Material provided:
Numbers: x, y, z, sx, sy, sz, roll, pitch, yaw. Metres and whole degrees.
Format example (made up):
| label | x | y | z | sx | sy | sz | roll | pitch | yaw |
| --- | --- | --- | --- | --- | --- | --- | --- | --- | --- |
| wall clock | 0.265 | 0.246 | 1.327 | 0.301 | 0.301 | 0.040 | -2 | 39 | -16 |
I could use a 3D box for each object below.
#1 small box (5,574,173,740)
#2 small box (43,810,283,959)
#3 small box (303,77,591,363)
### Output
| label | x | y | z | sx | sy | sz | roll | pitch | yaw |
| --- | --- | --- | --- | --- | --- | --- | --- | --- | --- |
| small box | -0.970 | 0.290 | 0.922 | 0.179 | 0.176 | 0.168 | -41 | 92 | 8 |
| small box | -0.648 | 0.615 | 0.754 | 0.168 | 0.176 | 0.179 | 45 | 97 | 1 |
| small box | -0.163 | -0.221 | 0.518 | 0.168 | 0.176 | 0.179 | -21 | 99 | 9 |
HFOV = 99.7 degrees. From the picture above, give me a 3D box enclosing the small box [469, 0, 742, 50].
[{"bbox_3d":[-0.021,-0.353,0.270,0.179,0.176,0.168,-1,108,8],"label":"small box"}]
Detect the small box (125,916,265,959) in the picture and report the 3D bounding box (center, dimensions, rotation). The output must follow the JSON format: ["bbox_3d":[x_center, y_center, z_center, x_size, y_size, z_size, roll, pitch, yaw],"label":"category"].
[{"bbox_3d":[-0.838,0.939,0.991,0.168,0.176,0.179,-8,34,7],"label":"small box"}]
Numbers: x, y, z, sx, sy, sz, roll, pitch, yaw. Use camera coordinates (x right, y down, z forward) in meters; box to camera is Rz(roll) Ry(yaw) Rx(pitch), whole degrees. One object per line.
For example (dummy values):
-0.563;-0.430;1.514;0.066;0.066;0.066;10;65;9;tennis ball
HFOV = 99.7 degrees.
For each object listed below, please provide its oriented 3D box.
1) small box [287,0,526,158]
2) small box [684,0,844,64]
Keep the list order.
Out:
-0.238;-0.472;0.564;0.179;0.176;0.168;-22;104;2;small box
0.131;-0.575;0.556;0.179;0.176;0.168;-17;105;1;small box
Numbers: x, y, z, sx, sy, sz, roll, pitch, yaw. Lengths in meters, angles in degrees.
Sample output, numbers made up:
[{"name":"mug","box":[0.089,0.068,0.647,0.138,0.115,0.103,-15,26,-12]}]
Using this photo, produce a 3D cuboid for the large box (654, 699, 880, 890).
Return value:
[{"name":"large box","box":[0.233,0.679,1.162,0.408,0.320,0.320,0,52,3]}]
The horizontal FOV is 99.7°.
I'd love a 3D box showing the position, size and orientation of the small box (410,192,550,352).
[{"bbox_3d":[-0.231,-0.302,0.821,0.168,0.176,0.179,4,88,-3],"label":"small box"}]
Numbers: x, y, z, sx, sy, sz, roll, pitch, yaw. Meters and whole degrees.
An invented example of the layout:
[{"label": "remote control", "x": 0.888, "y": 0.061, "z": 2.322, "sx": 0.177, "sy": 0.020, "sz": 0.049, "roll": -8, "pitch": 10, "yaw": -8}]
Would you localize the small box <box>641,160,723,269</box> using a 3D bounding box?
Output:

Directions: Please copy each line of the entries in which the word "made" shows up.

Reply:
Format example (made up):
Sample output, numbers made up:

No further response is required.